I had the same problem in my marriage. My H and I are in our twenties. My H also told me he didnt understand what was going on, that it was probably stress at work, low sex drive, etc. But I found a ton of porn on his computer and he later admitted to masturbating every day. That is why he couldnt get it up. 

I know what it can do to your self-esteem. I was incredibly hurt and resentful. He put me through so much when he could have just told me so I didnt have to go through all of that. The only thing I have found that helped is to stop initiating. It certainly is not ideal and is not a permanent solution but it is a short term solution until you can get your head on straight again.


----------



## Asherah (Mar 16, 2011)

Thanks Blanca-- I am 44 he is 38. Part of my job deals with IT so I am familiar with computers- nothing on any of ours. Not sure if he is masturbating - he says not (we have sex almost every day) - we have always been pretty open about sex and when we were living apart during immigration proceedings- indulged in mutual masturbation over the phone because we couldn't see one another. 
It seems to be related to me being the initiator - I look at least ten years younger- try to look good for him and am clean. I have gained a little weight but so has he. He just keeps saying its not me..... but it's hard to think otherwise when it only seems to be a problem when I take the lead. *Sigh*


----------



## Blanca (Jul 25, 2008)

My H seems to have a hard time getting it up if I initiate, too. He's not looking at porn anymore but I think he knows how much importance I place on him being able to get it up. There was a poster once that told me it can be really stressful for a guy to have to perform since its very obvious when they arent interested. 
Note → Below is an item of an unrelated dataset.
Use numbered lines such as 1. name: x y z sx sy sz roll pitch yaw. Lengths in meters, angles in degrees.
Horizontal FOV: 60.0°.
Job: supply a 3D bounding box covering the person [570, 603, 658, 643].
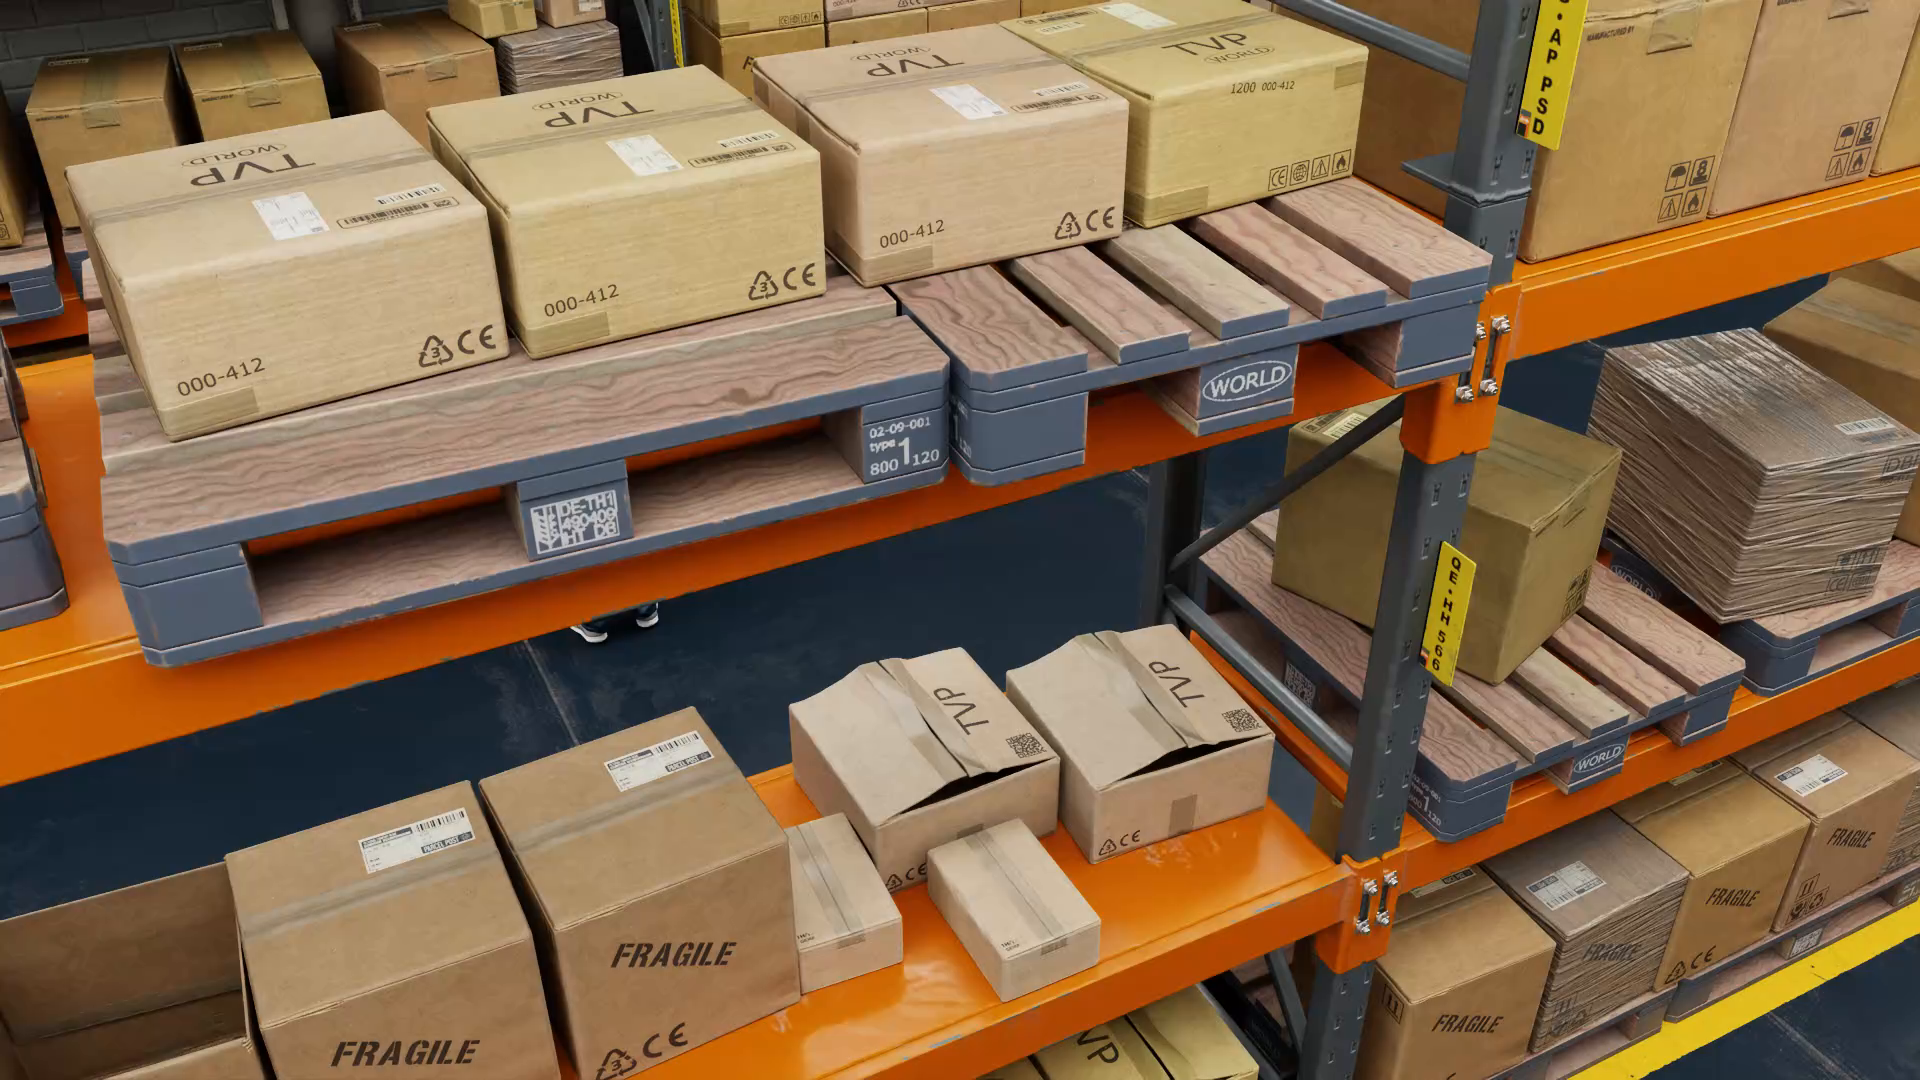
1. person: -1.475 -0.298 6.600 0.462 1.594 0.343 -16 37 -23

But in the end Im with you - i think my H is just not that attracted to me. I think he is kind of attracted to me but not enough to have a wild sex life. He's attracted to me enough that when he wants sex he can get it up. 

How do you feel around your H in general? Does your H initiate sex in a lot of places? Mine only initiates at night when we are in bed. Every other time of the day he shows no sexual interest in me at all.


----------



## Asherah (Mar 16, 2011)

Any men have some input ? Have you ever experienced this when your wife has initiated ? or in general--- if you have had erection issues can you pinpoint a reason ? Thanks in advance....


----------



## MarriedWifeInLove (May 28, 2010)

I thought it was "me" too. What else can you think when YOU are the one that is invovled - hard not to take it personally.

I'm not really sure, even after all this time, exactly what my husband's problem is.

I think part of it is:

- Medication(s)
- Age
- High Blood Pressure
- TBI medical issues
- Alcohol
- Porn (possibly)

Don't know if he's masturbating a lot, could be, but don't know and he won't talk about it.

I do know that if he's not drinking at all, then he has little issue getting it up - keeping it up for a while, different story.

If he's drinking - forget it - with everything else it's not going to work no matter what. 

So I've come to the conclusion that it's just not me.

It's him, his issues, his mental block in getting over the ED hump (not letting it become the #1 issue, which he is).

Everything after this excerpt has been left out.